「いとま特例」って何?——急な採用でも対応できる、こども性暴力防止法の例外措置
「いとま特例」——初めて聞いた方は「なんだそれ?」と思うかもしれません😊
こども性暴力防止法(日本版DBS)では、こどもと接する業務に就く従事者について、原則として業務に従事させる前に犯罪事実確認を行う必要があります。
しかし現実には、「急に欠員が出て、すぐに人を入れなければならない」という場面は珍しくありません。そういったやむを得ない状況に対応するための例外措置が「いとま特例」です。
01|「いとま特例」とは何か
いとま特例とは、以下の条件をすべて満たす場合に、犯罪事実確認を行う前に業務に従事させることが例外的に認められる措置です。
- 従事者に急な欠員が生じた場合などのやむを得ない事情があること
- 対象業務に従事させるまでに犯罪事実確認を行ういとま(時間的余裕)がないこと
- 直ちに従事させなければ事業の運営に著しい支障が生じること
この場合、当該業務に従事させた日から原則3か月以内(一定の場合は6か月以内)に犯罪事実確認を行うことができます。
02|「やむを得ない事情」にはどんな場合が該当するか
こども家庭庁の資料では、「やむを得ない事情」に該当する具体的な場合として以下が示されています。
- 学級数の増加等による急な増員や予見不可能な欠員
- 予算編成上の制約等によって内示等の異動の決定が直前となる人事異動
- 労働者派遣契約等の締結の遅れ
- 合併等の組織変更
- 許認可等の時期によって事業運営開始までの期間を十分に確保できない場合
- 十分な時間的余裕をもって交付申請をしたにもかかわらず、こども家庭庁から従事開始までに犯罪事実確認書の交付が受けられない場合
ただし、いとま特例はあくまでも例外措置です。「手続きが面倒だから後回しにする」「なんとなく間に合わなかった」という場合は該当しません。

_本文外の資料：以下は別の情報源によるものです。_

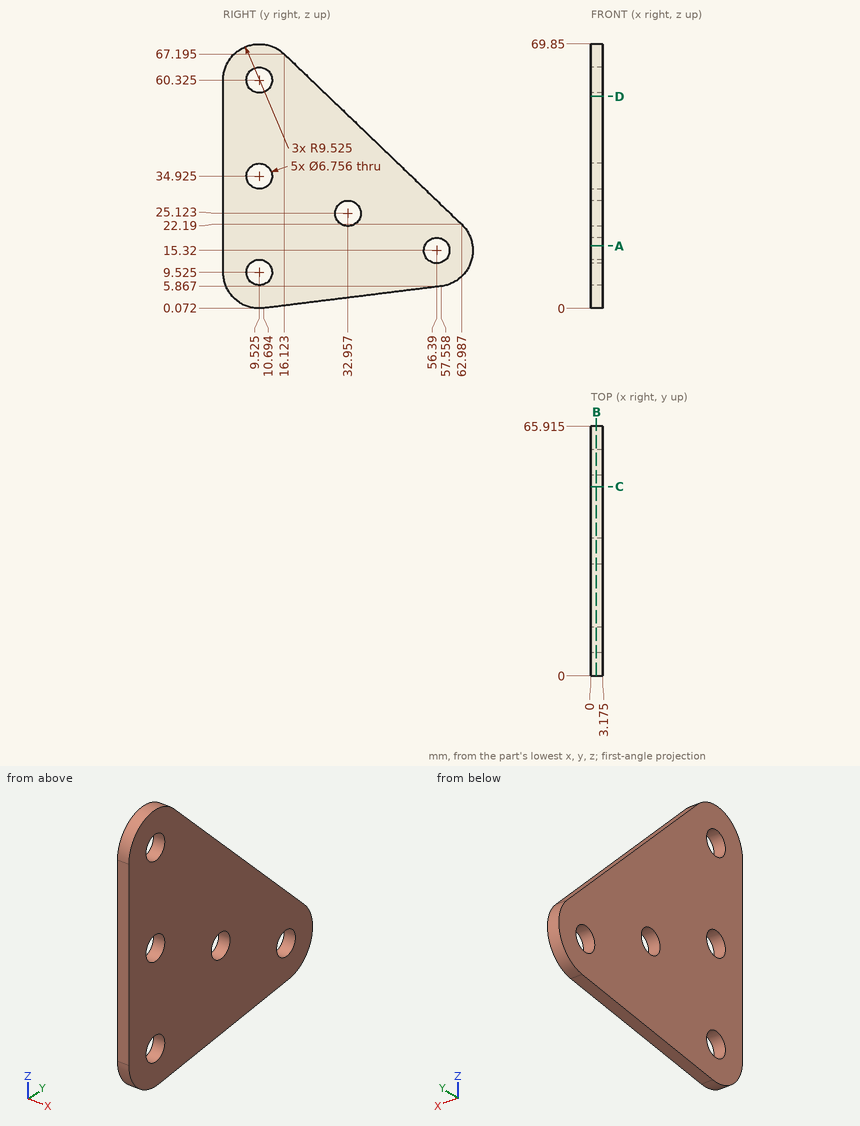
Verification items for this drawing (mm, ordinates from the low corner). Coordinates: 2 decimals unless noted, no trailing zeros. Loops run counter-clockwise (first coordinate to the right, second up) from the corner with the lowest first, then second, coordinate; pieces in that order, holes last.
Item 1: Sectioned sample at D-D, the plane z = 56. Record the boundary of the cut face in (x, y) (1 decimal).
Item 2: Sectioned sample at B-B, the plane x = 1.5. Count the separate pieces of the cut face and the enclosed holes in it, then the cut area to 3 significant figures.
Item 3: Sectioned sample at A-A, the plane z = 16.5. Record the boundary of the cut face in (x, y) (1 decimal), then the cut area to 3 significant figures.
Item 4: Thickness scan on line 1 (Z direction, x = 2.25, y = 10); line 2 (Z direction, x = 2.75, y = 8); line 3 (Y direction, x = 2.1, z = 35.5) (1 decimal). Record the ranges inside material, lowest first.
Item 5: Go/stop test with a flat-tipped pin: pin 1 Ø4 at (y, z) = (56.39, 15.32) entering from +X. Record where the tip stops, or that it passes through.
Item 6: Sectioned sample at C-C, the plane y = 50. Record the boundary of the cut face in (x, z) (1 decimal).
Check result:
1. outline: (0, 0) - (3.2, 0) - (3.2, 27.8) - (0, 27.8) - close
2. separate pieces: 1
2. enclosed holes: 5
2. area: 2,850 mm2
3. outline: (0, 0) - (3.2, 0) - (3.2, 53.2) - (0, 53.2) - close; (0, 59.6) - (3.2, 59.6) - (3.2, 65.8) - (0, 65.8) - close
3. area: 189 mm2
4. line 1: z = 0.01 to 6.18, 12.87 to 31.58, 38.27 to 56.98, 63.67 to 69.84
4. line 2: z = 0.12 to 6.51, 12.54 to 31.91, 37.94 to 57.31, 63.34 to 69.73
4. line 3: y = 0 to 6.2, 12.9 to 49.1
5. pin 1: passes through
6. outline: (0, 4.9) - (3.2, 4.9) - (3.2, 34.7) - (0, 34.7) - close

03|いとま特例が適用される場合、事業者がしなければならないこと
いとま特例が適用される場合、事業者にはまず以下の3つの対応が求められます。
- 可能な限り速やかに犯罪事実確認を行うこと
- いとま特例の対象となること、講じる措置の内容、違反した場合は処分の対象となることなどについて、採用段階等を通してあらかじめ対象者本人に伝達すること
- 必要に応じて、こどもやその保護者にもいとま特例を適用する場面があり得る旨を説明し、理解を得ること
さらに事業者は、以下のすべての措置を講じる必要があります。
| 講じる必要がある措置 | 内容 |
|---|---|
| ① 一対一にさせない | 原則として、こどもといとま特例が適用される対象業務従事者とを一対一にさせないこと |
| ② 研修を受講させる | いとま特例が適用される対象業務従事者に、いとま特例の趣旨や必要な措置、児童対象性暴力等の防止に関する研修を受講させること |
| ③ 管理職による巡回 | 管理職による定期的な巡回・声掛け等を行うこと |
なお、やむを得ず一対一になる場合の対応等の詳細については、こども家庭庁のガイドラインⅥ.安全確保措置(犯罪事実確認)の「2(3)いとま特例」をご参照ください。